My conflict work used to center squarely on helping people have the conversations that resolve conflict. As my work has shifted over the last decade to being more about helping people approach conflict in ways that don’t require my presence to be successful, some of what I do is about shifting conflict-related habits. Here’s one approach that can be very powerful.
When I squabble with my husband, I am the queen of the last word. I want the last word. I will have the last word. I don’t feel the need to have the last word with others, but I sure do with my beloved.
It is a habit I don’t like in myself and contributes nothing to restoring the peace. So, a few months ago, I decided I disliked the habit enough to break it for good.
The method I chose came from a confluence of three ideas bubbling back to the surface over the course of one week:
- During a coaching session, I described a mental trick a client could use to get herself out of an unwelcome emotional state. The “as if” technique is adapted from theatrical improv and invites us to act as if were are feeling a certain way or are a certain person or type of person.
- The next day I happened to explain philosopher Ruth Chang’s method for making hard choices to a dear friend of many decades. My friend’s adult daughter was facing a hard choice in a relationship and I told my friend about Chang’s important question, “Who am I to be?”

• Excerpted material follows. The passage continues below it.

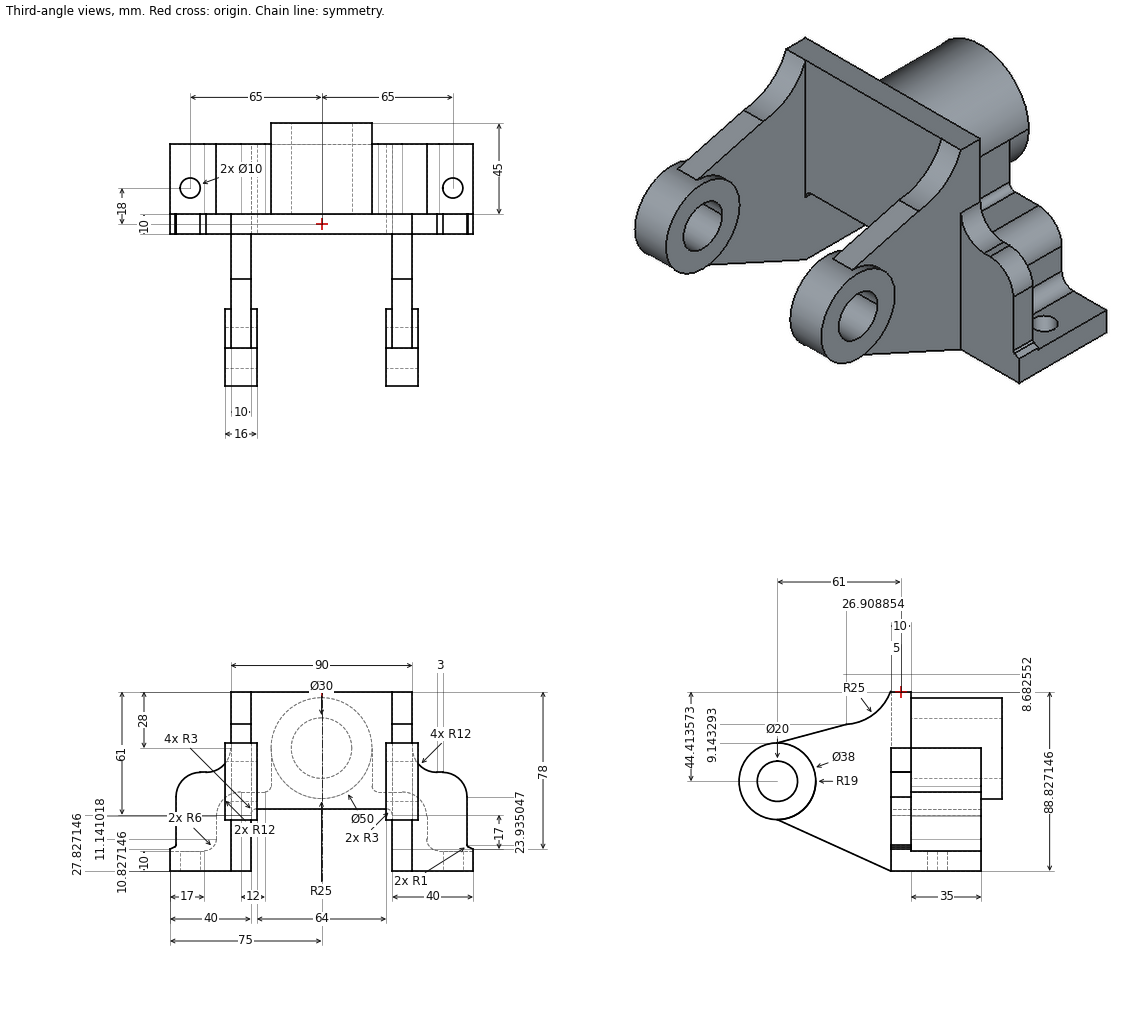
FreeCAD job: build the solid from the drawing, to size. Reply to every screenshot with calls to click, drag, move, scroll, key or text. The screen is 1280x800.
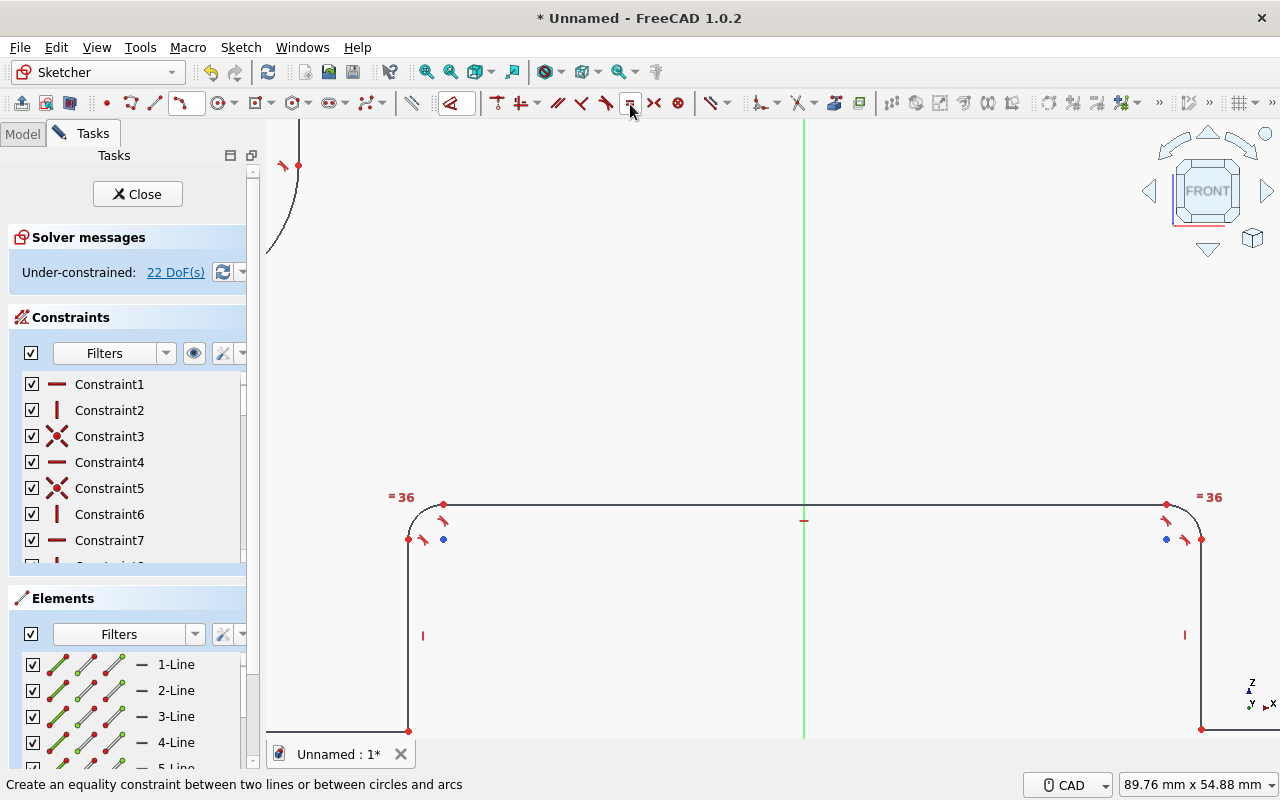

- A few days later, I was looking up a quote in James Clear’s fabulous book, Atomic Habits, and I stumbled across a phrase I’d highlighted: “Identity change is the North Star of habit change.”
Identity-based habits
Many moons ago my doctoral dissertation explored behavior and habit change. To better understand what motivates behavior, I researched factors that influenced university students’ safety-related choices when walking on campus at night.
Identity-based habits focus our efforts not on getting a particular outcome, but on becoming a type of person we want to be. James Clear calls identity-based habits the ultimate form of intrinsic motivation:
It’s one thing to say I’m the type of person who wants this. It’s something very different to say I’m the type of person who is this.”
JAMES CLEAR
My research bore this out: Students who saw themselves as people who take care of their health were much more likely to take safety precautions (walk on well-used lighted pathways, walk in groups, etc) than students who had intentions to act more safely. It was the difference between “I know I should take safety precautions” and the more powerful, “I am a person who takes care of my health.”
Using these ideas, I decided that I am a person who doesn’t need to have the last word.
And then I set about being that person.
It was a very informative experiment. I used to think to myself, “Let go of having the last word, Tammy.” But inevitably, my husband would say something that really begged for a response. My ego just didn’t want to let it go and I would violate my own rule “just this time.” And the next. Sometimes I succeeded, but just as often, I didn’t.
But with my identity on the line, the experience was very different. Now I found myself thinking, “I’m not the type of person who needs to prove herself with the the last word.” Just that simple mental shift eclipsed the need to muster self-control in the moment. It didn’t matter how right I was or how unfair my husband’s last remark was; I didn’t need to talk myself into shutting my mouth.
I found it much more powerful just to be who I have decided to be.
Who are you to be?
Is there a type of person you want to be in the midst of conflict? When I ask my clients who they want to be during conflict, they frequently tell me they want to be “a calm person,” or “a person who others see as a role model,” or “a person who isn’t afraid of conflict.”
Who is the person you want to be? Dig a bit until you get to the essence. For example, sometimes a client might initially answer, “I want to be someone who doesn’t get flustered by conflict.” If I ask what causes them to get flustered by conflict right now, they may go deeper and revise their answer to, “I want to be someone who isn’t afraid of conflict.”
Once you know who you are to be, identify situations that will give you small wins. Small wins are the key — the smaller the better, initially.
If you’re afraid of conflict, telling yourself you are a person who doesn’t fear conflict — and proving it to yourself successfully — is much easier in a minor disagreement with a friend or colleague than in a very tense team meeting. Use those recurring small wins to grow into the skin of the person you are to be.